The project sits on the edge of Tucson's Reid Park, and its
location at 22nd Street and Alvernon Road created some interesting
civil engineering issues because the intersection floods during
heavy rainstorms.
An existing wash was rerouted to the front of the property,
incorporating the wash into the project's design. Six-in.-thick
shotcrete stabilizes the walls of the wash, which must be
able to handle a 100-year flood event.
Crews from the Tucson office of Dar Hill Corp. excavated 15,000
cu. yds. of earth to reroute the wash.
"It was important to the city and the police department
to get the building out of the flood plain by moving the wash
to the eastern edge of the property," said David Grigsby
of GLHN Architects and Engineers, the Tucson architect of
record on the project. "That allowed us to use the wash
for security.
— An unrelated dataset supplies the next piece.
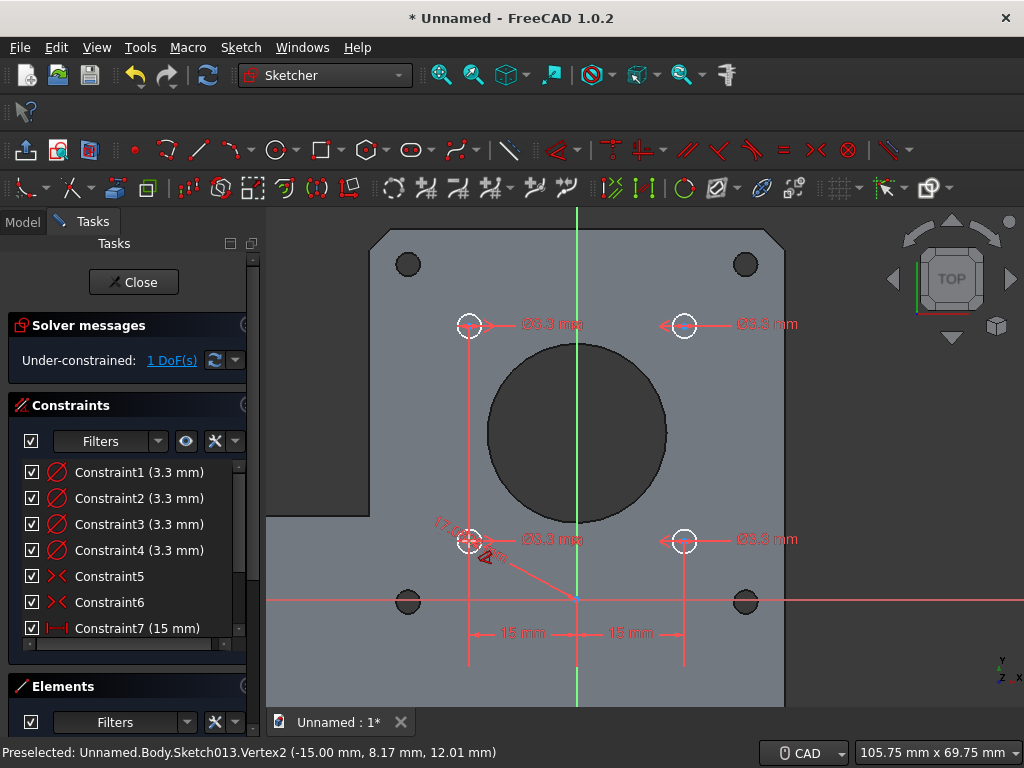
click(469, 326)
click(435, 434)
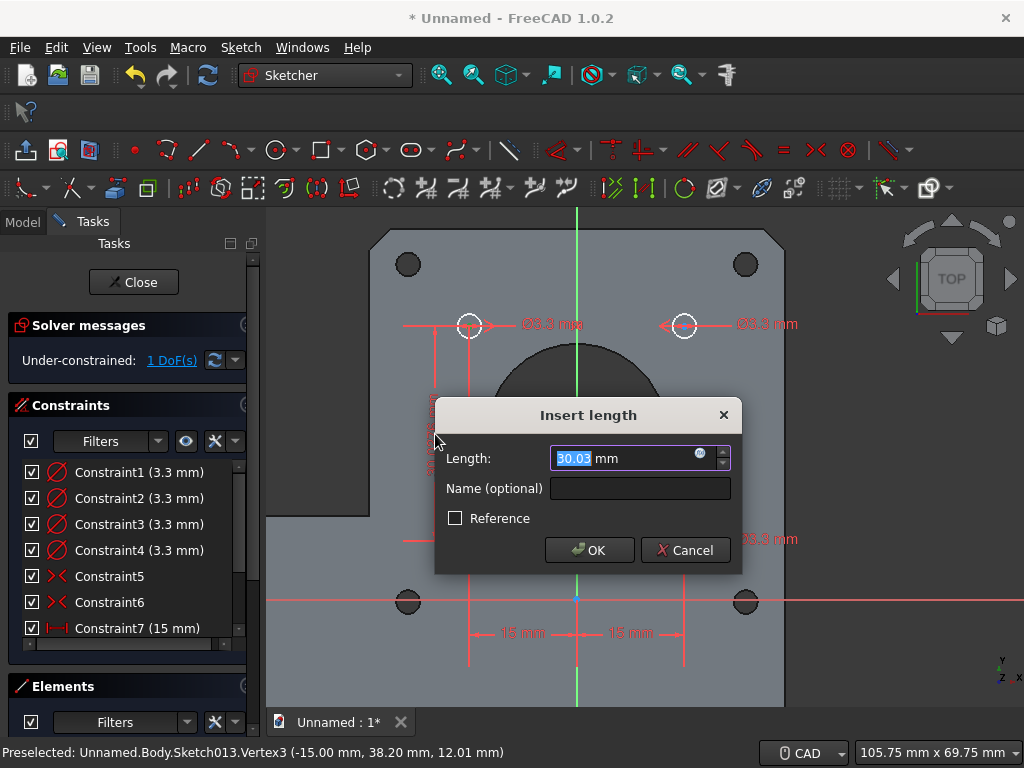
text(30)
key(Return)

The wash was a very complex part of getting
the building done and it is very much a form giver to the
project."
The building also sits near one of the most heavily used recreational
trails in Tucson, and city officials didn't want to lose the
path. Designers rerouted the path along the back of the new
multi service center.
"We wanted something that would be very creative and
compliment the park and deal with the flood plain issue, and
I think this project does that," said Dodie Frederickson,
a project manager for the city of Tucson. "Architecturally,
this building is a strong statement."